Introduction to Ethereum High-Level Languages

The EVM is a virtual machine that runs a special form of code called EVM bytecode, analogous to your computer’s CPU, which runs machine code such as x86_64. We will examine the operation and language of the EVM in much more detail in [evm_chapter]. In this section we will look at how smart contracts are written to run on the EVM.

While it is possible to program smart contracts directly in bytecode, EVM bytecode is rather unwieldy and very difficult for programmers to read and understand. Instead, most Ethereum developers use a high-level language to write programs, and a compiler to convert them into bytecode.

While any high-level language could be adapted to write smart contracts, adapting an arbitrary language to be compilable to EVM bytecode is quite a cumbersome exercise and would in general lead to some amount of confusion. Smart contracts operate in a highly constrained and minimalistic execution environment (the EVM). In addition, a special set of EVM-specific system variables and functions needs to be available. As such, it is easier to build a smart contract language from scratch than it is to make a general-purpose language suitable for writing smart contracts. As a result, a number of special-purpose languages have emerged for programming smart contracts. Ethereum has several such languages, together with the compilers needed to produce EVM-executable bytecode.

In general, programming languages can be classified into two broad programming paradigms: declarative and imperative, also known as functional and procedural, respectively. In declarative programming, we write functions that express the logic of a program, but not its flow. Declarative programming is used to create programs where there are no side effects, meaning that there are no changes to state outside of a function. Declarative programming languages include Haskell and SQL. Imperative programming, by contrast, is where a programmer writes a set of procedures that combine the logic and flow of a program. Imperative programming languages include C++ and Java. Some languages are “hybrid,” meaning that they encourage declarative programming but can also be used to express an imperative programming paradigm. Such hybrids include Lisp, JavaScript, and Python. In general, any imperative language can be used to write in a declarative paradigm, but it often results in inelegant code. By comparison, pure declarative languages cannot be used to write in an imperative paradigm. In purely declarative languages, there are no “variables.”

While imperative programming is more commonly used by programmers, it can be very difficult to write programs that execute exactly as expected. The ability of any part of the program to change the state of any other makes it difficult to reason about a program’s execution and introduces many opportunities for bugs. Declarative programming, by comparison, makes it easier to understand how a program will behave: since it has no side effects, any part of a program can be understood in isolation.

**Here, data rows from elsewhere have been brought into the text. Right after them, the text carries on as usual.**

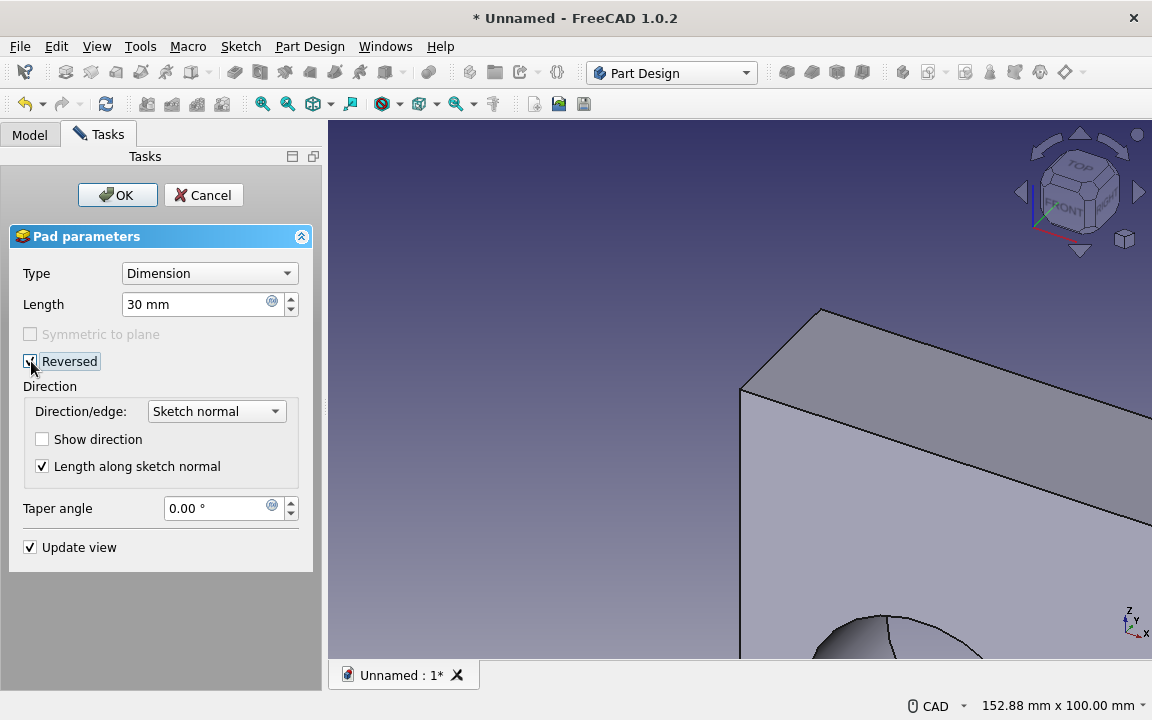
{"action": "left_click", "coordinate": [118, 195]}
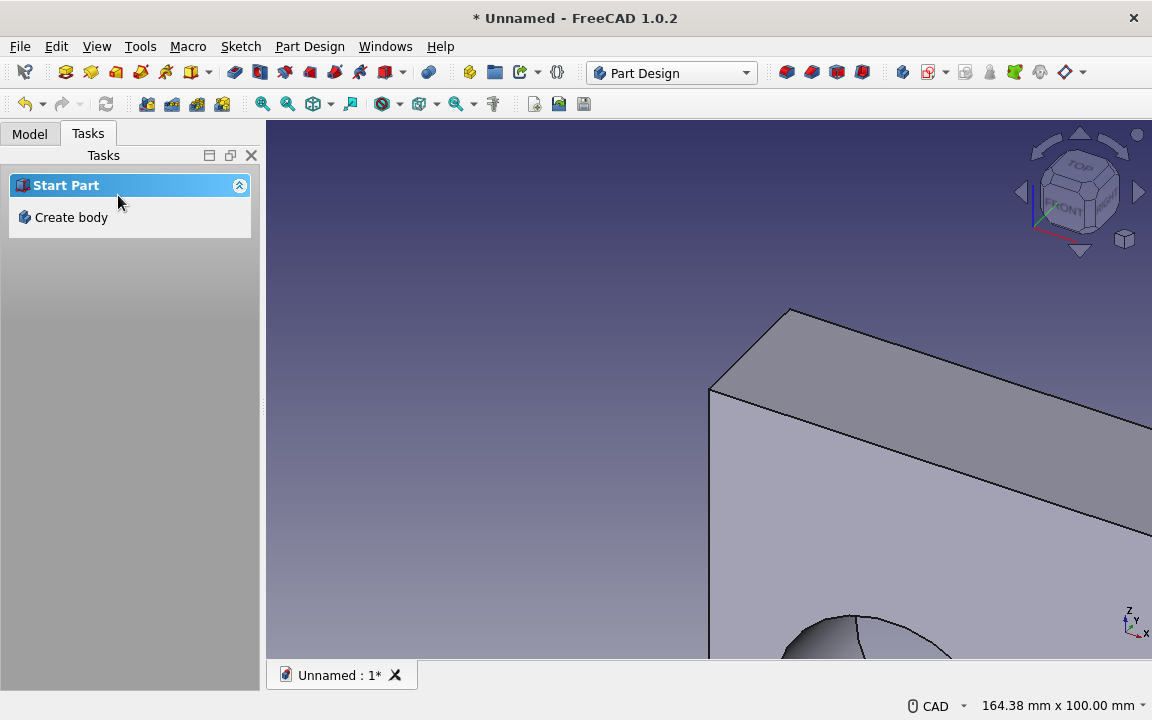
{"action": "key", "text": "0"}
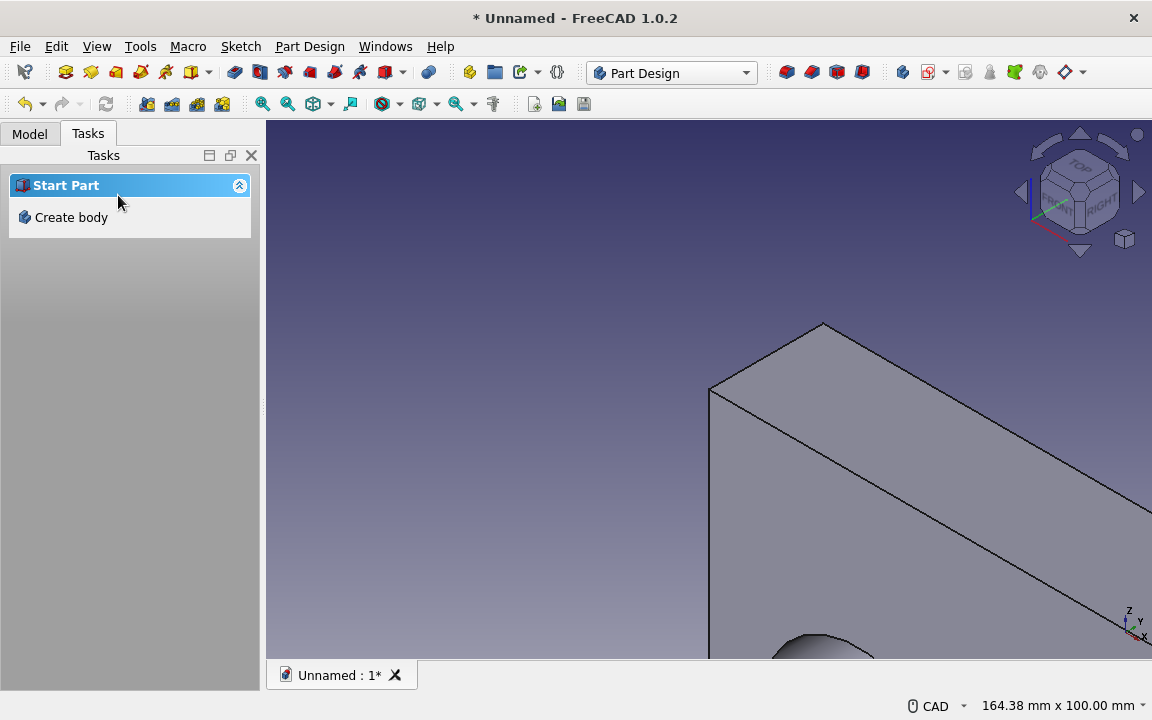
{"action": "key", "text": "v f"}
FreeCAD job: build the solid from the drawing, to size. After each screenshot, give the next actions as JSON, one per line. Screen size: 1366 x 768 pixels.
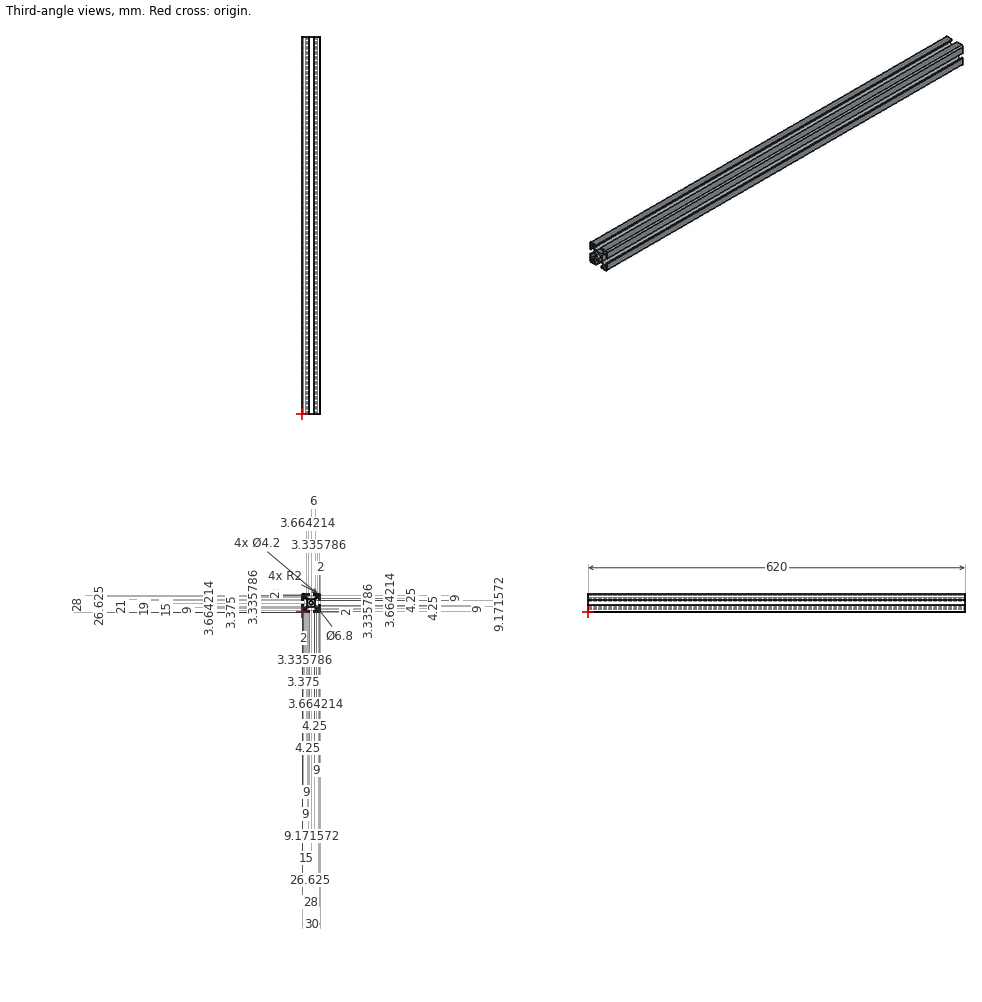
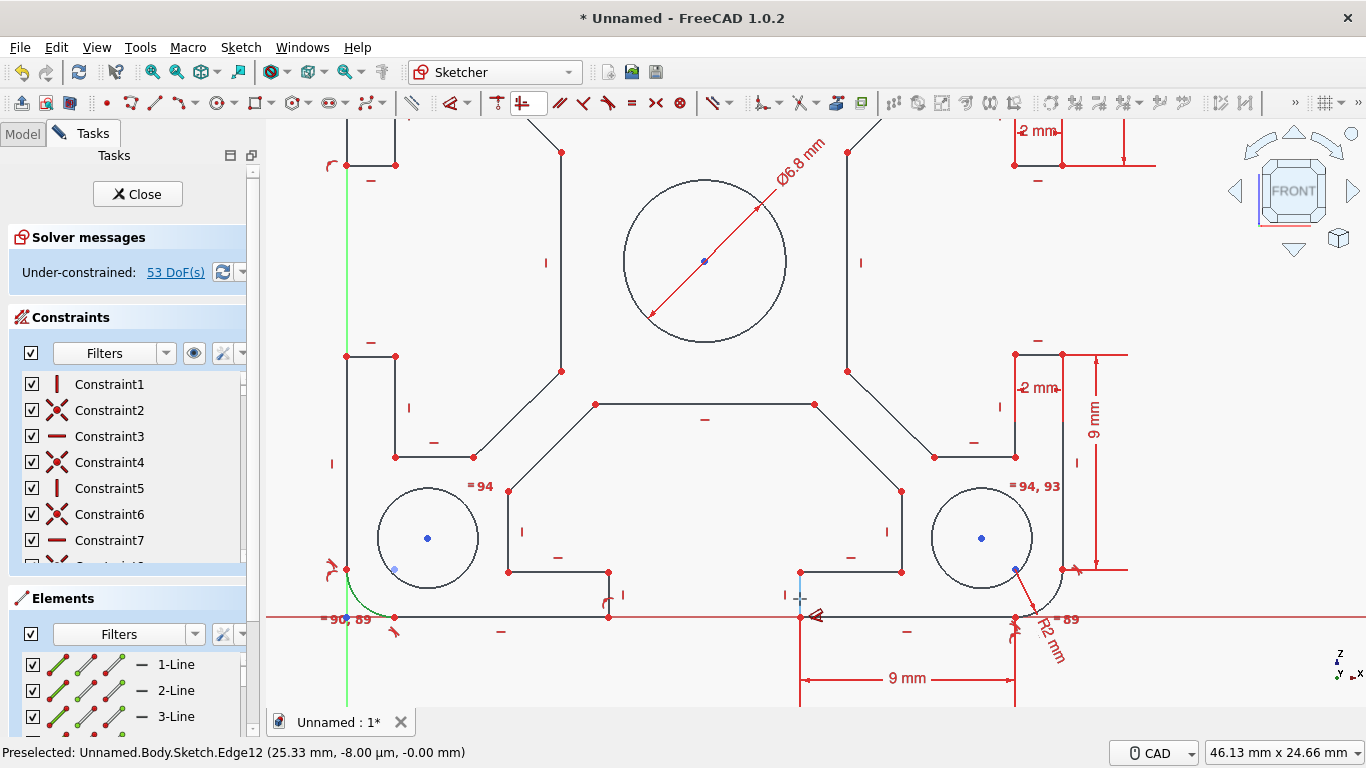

In smart contracts, bugs literally cost money. As a result, it is critically important to write smart contracts without unintended effects. To do that, you must be able to clearly reason about the expected behavior of the program. So, declarative languages play a much bigger role in smart contracts than they do in general-purpose software. Nevertheless, as you will see, the most widely used language for smart contracts (Solidity) is imperative. Programmers, like most humans, resist change!

Currently supported high-level programming languages for smart contracts include (ordered by approximate age):

LLL

A functional (declarative) programming language, with Lisp-like syntax. It was the first high-level language for Ethereum smart contracts but is rarely used today.

Serpent

A procedural (imperative) programming language with a syntax similar to Python. Can also be used to write functional (declarative) code, though it is not entirely free of side effects.

Solidity

A procedural (imperative) programming language with a syntax similar to JavaScript, C++, or Java. The most popular and frequently used language for Ethereum smart contracts.

Vyper

A more recently developed language, similar to Serpent and again with Python-like syntax. Intended to get closer to a pure-functional Python-like language than Serpent, but not to replace Serpent.

Bamboo

A newly developed language, influenced by Erlang, with explicit state transitions and without iterative flows (loops). Intended to reduce side effects and increase auditability. Very new and yet to be widely adopted.

As you can see, there are many languages to choose from. However, of all of these Solidity is by far the most popular, to the point of being the de facto high-level language of Ethereum and even other EVM-like blockchains. We will spend most of our time using Solidity, but will also explore some of the examples in other high-level languages to gain an understanding of their different philosophies.